RECORDED INFORMATION:
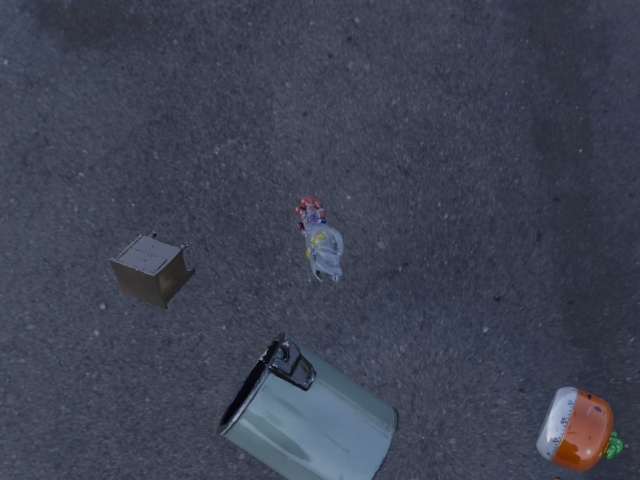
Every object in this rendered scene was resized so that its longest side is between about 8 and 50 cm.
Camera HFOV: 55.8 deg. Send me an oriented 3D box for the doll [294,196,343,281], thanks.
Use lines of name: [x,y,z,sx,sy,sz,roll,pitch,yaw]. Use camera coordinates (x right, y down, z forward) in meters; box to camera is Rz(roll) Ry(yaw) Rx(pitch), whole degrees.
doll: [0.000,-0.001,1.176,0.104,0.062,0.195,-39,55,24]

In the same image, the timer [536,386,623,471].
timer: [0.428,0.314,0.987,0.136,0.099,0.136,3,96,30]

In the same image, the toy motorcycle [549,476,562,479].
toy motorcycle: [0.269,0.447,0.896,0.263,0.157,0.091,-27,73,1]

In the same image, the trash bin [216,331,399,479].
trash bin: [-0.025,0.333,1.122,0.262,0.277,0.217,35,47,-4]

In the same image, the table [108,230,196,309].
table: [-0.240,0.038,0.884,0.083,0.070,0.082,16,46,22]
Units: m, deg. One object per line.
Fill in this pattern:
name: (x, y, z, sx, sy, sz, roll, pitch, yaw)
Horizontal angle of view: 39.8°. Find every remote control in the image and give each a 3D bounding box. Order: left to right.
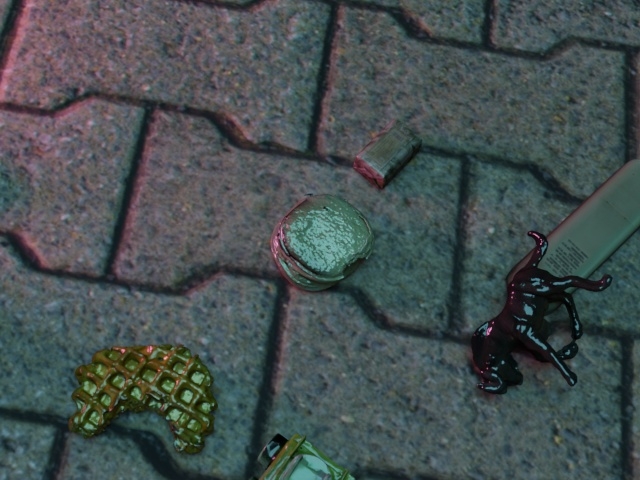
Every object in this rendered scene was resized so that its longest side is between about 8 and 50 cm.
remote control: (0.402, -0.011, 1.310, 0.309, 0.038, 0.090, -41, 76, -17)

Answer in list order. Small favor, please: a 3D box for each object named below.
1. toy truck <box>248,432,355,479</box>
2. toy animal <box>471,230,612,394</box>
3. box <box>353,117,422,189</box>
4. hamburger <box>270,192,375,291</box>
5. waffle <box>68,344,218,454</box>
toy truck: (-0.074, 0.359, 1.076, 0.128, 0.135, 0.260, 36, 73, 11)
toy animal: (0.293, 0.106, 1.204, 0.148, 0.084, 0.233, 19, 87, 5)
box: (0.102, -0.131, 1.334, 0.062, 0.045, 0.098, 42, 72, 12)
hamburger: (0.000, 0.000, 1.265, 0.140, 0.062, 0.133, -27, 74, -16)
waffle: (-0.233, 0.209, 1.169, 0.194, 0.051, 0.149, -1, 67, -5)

---

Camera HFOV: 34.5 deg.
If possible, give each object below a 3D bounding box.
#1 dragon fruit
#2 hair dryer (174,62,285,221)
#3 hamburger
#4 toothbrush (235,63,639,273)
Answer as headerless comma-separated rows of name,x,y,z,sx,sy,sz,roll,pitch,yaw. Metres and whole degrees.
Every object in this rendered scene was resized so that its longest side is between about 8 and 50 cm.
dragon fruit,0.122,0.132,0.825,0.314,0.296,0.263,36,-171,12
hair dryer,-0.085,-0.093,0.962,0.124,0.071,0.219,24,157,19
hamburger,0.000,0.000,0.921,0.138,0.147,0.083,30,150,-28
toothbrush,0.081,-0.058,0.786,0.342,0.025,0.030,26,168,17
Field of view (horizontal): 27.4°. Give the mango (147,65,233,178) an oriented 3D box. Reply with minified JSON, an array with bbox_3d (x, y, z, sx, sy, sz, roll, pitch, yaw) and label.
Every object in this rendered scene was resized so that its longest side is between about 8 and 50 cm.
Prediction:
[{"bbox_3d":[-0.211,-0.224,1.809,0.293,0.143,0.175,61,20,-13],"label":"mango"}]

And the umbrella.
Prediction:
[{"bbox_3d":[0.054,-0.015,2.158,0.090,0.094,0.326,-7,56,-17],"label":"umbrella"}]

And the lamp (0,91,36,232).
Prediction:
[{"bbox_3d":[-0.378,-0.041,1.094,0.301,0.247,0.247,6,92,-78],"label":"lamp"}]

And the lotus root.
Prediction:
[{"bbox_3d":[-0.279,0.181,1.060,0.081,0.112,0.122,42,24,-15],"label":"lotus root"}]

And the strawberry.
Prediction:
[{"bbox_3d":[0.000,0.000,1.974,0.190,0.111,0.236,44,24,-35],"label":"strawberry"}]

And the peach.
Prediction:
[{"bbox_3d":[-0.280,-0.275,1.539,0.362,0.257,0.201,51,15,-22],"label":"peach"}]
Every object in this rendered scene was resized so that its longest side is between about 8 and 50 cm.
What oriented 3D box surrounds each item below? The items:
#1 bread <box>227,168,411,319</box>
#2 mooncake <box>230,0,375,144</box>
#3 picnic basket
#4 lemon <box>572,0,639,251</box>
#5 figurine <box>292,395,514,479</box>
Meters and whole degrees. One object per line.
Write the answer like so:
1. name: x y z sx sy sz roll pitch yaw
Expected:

AIM OF THE EXERCISE:
Only a number is wanted. Count the lines of the data that contain "HFOV".

ANSWER BELOW:
2